The inner loop will follow, using our previous rule of ’nested loops means multiplication’.
This means our final program will have the complexity of $\mathcal{O}(n^2)$.
Now let’s see over this code snippet:
found = false
for i in 0 .. n - 1:
for j in i .. n - 1:
x = list[i]
y = list[j]
if x + y == 0:
found = true
In this snippet - we’ll have the first loop iterating $n$ times - however, the second loop, it will iterate $(0, \dots ,n -1), (1, \dots , n - 2), \dots$
This means that the number of times the second loop will run is between 1 and $n$ times - using our definition of complexity. Let’s call the number of times our loop runs $m$, $m \leq n$ which means m has a complexity of $\mathcal{O}(n)$.

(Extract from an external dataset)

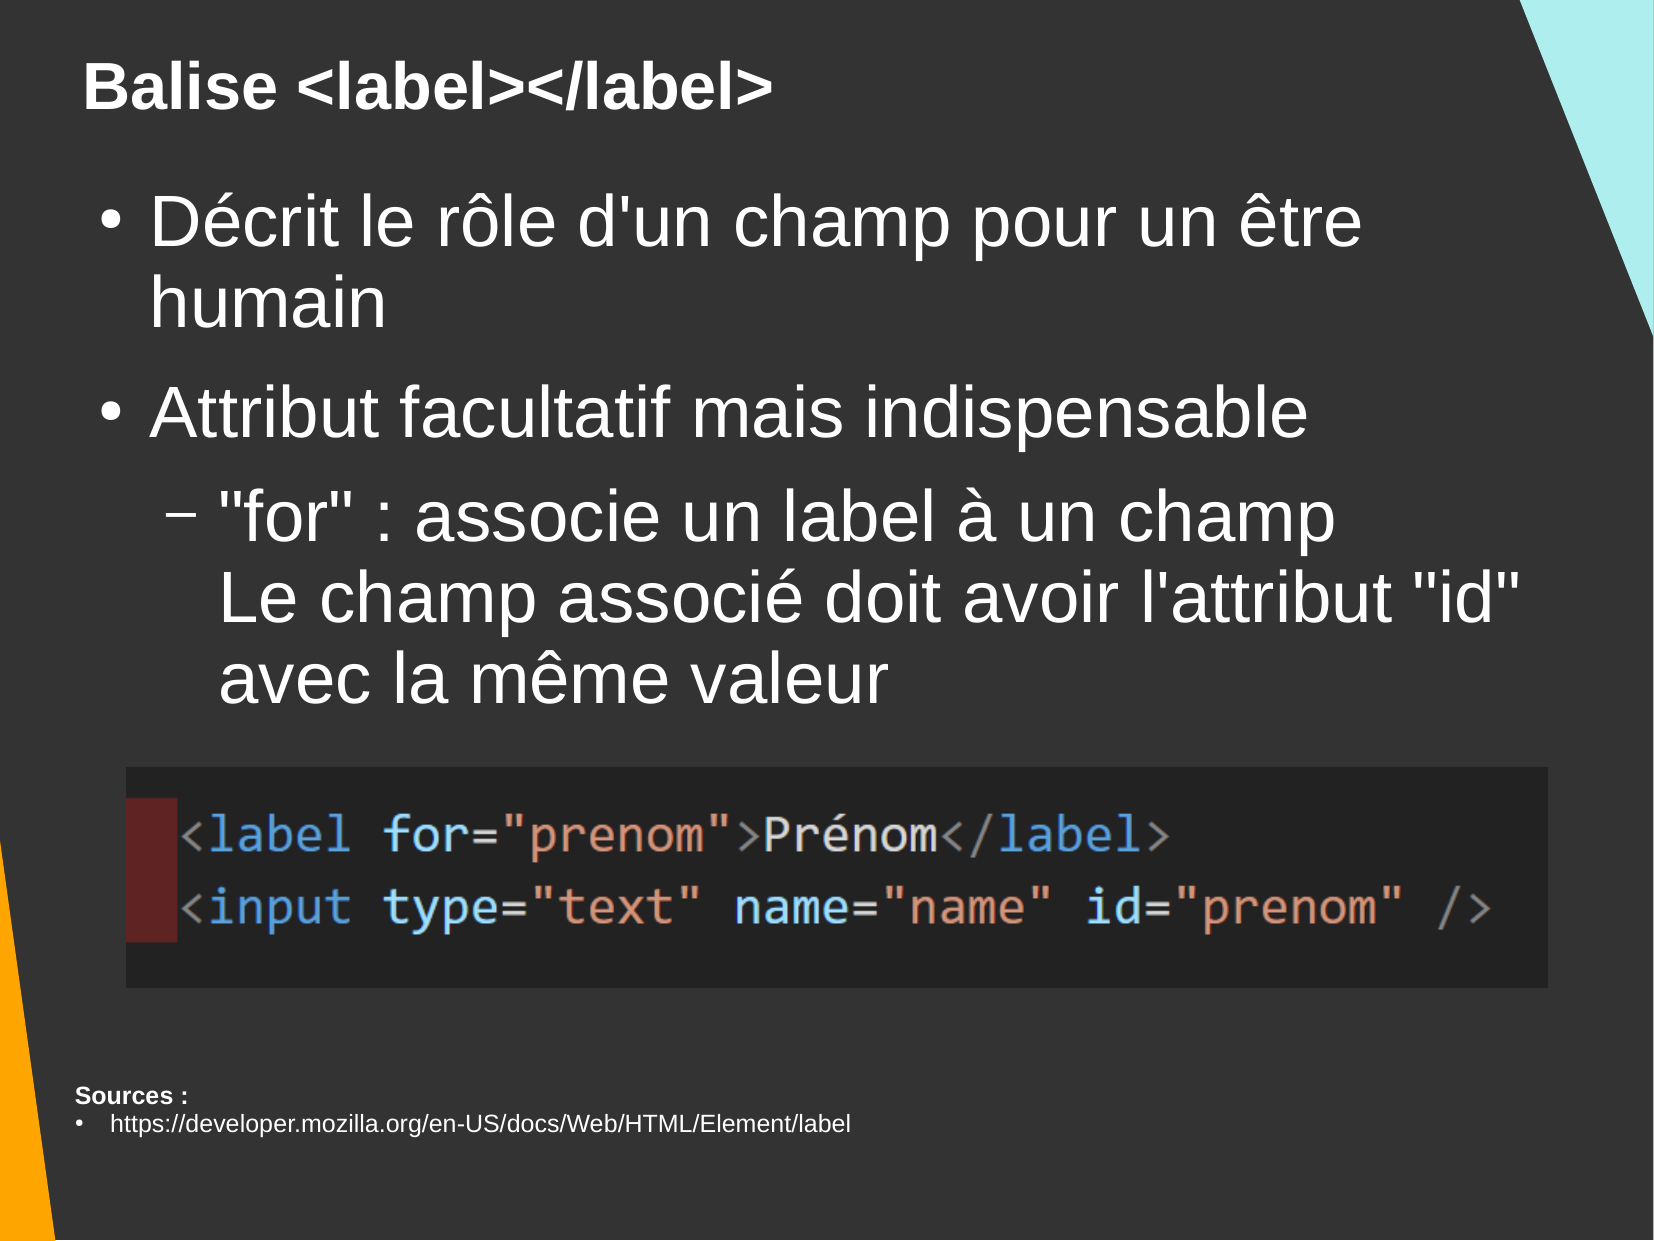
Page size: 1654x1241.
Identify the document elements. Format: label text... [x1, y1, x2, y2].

This finally means we have a total complexity of $\mathcal{O}(n^2)$
Now let’s do the same, but for three numbers!
found = false
for i in 0 .. n - 1:
for j in i .. n - 1:
for k in j .. n - 1:
x = list[i]
y = list[j]
z = list[k]
if x + y + z == 0:
found = true
Exactly the same logic goes as from the last question to this, we can prove that each loop has a complexity of $\mathcal{O}(n)$.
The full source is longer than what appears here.